**Dataset records**
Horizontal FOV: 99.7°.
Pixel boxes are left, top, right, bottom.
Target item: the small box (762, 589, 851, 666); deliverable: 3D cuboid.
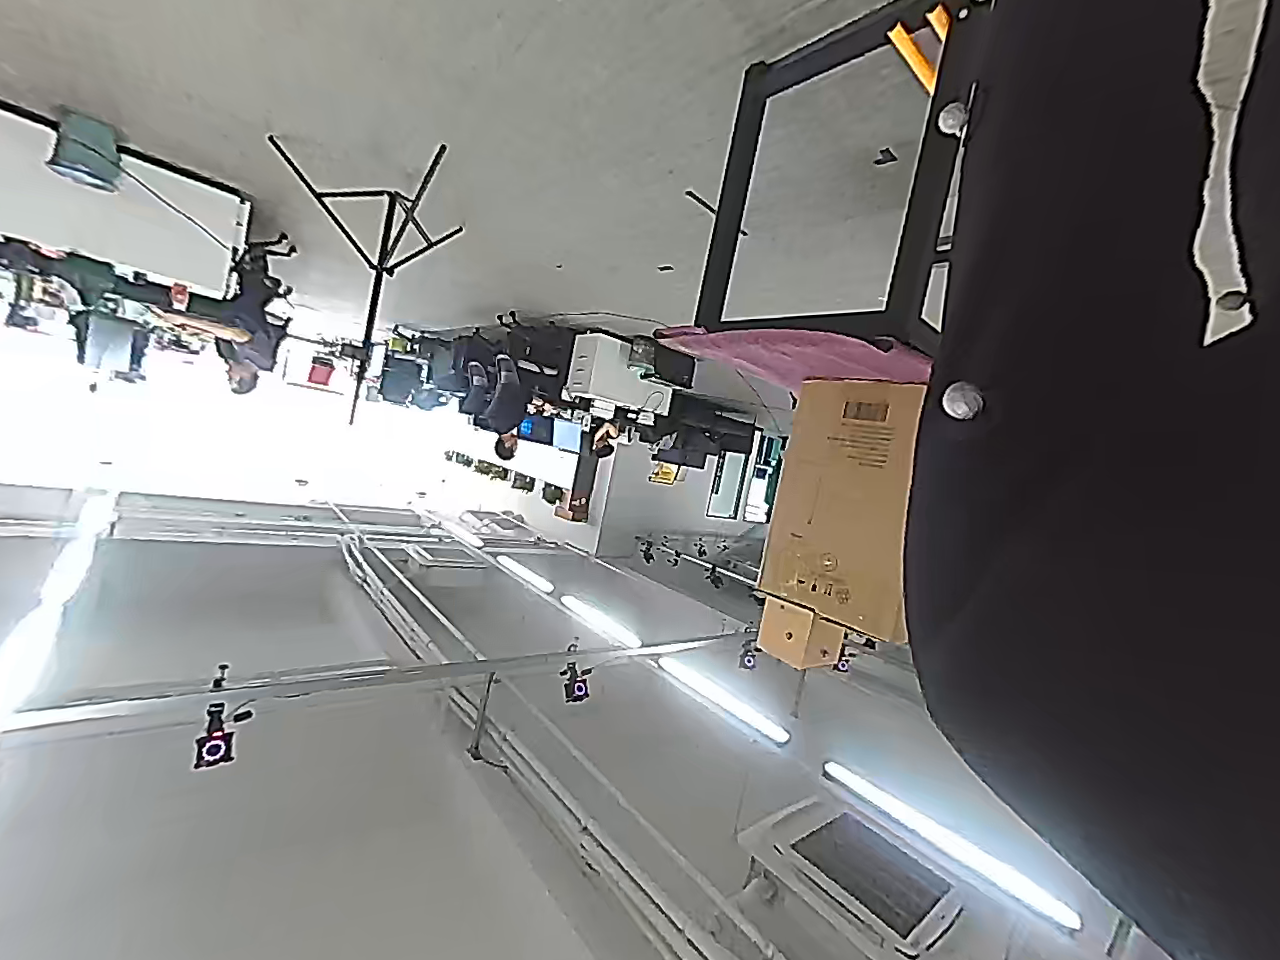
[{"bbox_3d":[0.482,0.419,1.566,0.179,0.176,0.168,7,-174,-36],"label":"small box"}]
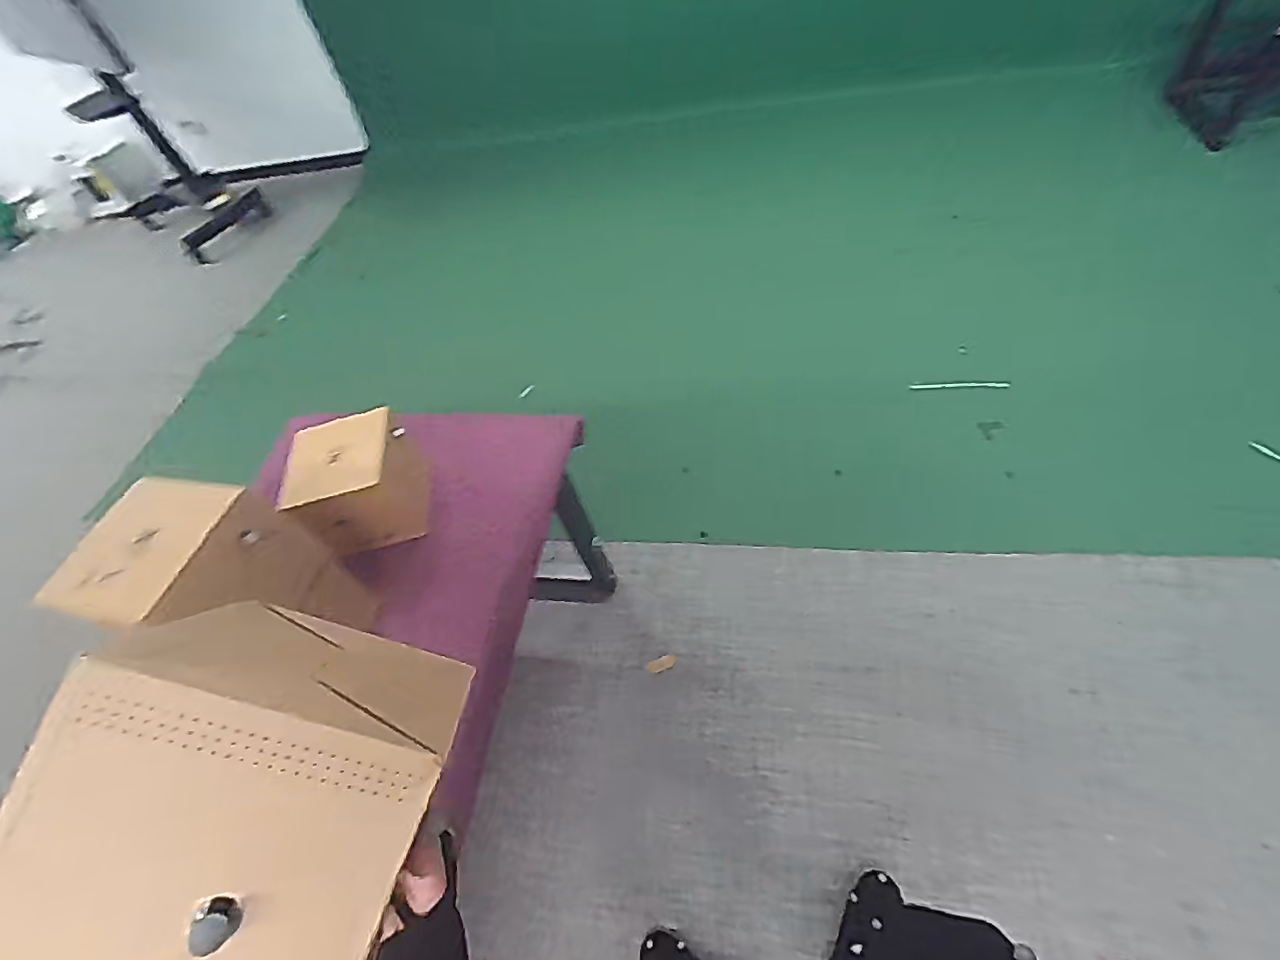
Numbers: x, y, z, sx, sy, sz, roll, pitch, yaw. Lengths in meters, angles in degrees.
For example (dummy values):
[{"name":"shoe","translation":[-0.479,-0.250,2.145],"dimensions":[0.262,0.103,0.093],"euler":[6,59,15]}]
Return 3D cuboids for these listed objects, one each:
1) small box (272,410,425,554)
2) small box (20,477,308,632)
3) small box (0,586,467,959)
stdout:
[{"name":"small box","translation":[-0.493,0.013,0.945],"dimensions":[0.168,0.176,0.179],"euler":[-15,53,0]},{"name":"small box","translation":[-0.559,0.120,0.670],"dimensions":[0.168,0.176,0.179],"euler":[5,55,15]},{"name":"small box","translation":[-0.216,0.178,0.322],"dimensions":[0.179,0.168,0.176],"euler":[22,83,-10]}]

**Brief**
When you print the entries, keep every line exactly as it is and drop the pictures.

**Response below**
Horizontal FOV: 99.7°.
Pixel boxes are left, top, right, bottom.
Target item: the small box (762, 589, 851, 666); deliverable: 3D cuboid.
[{"bbox_3d":[0.482,0.419,1.566,0.179,0.176,0.168,7,-174,-36],"label":"small box"}]
Numbers: x, y, z, sx, sy, sz, roll, pitch, yaw. Lengths in meters, angles in degrees.
For example (dummy values):
[{"name":"shoe","translation":[-0.479,-0.250,2.145],"dimensions":[0.262,0.103,0.093],"euler":[6,59,15]}]
Return 3D cuboids for these listed objects, one each:
1) small box (272,410,425,554)
2) small box (20,477,308,632)
3) small box (0,586,467,959)
stdout:
[{"name":"small box","translation":[-0.493,0.013,0.945],"dimensions":[0.168,0.176,0.179],"euler":[-15,53,0]},{"name":"small box","translation":[-0.559,0.120,0.670],"dimensions":[0.168,0.176,0.179],"euler":[5,55,15]},{"name":"small box","translation":[-0.216,0.178,0.322],"dimensions":[0.179,0.168,0.176],"euler":[22,83,-10]}]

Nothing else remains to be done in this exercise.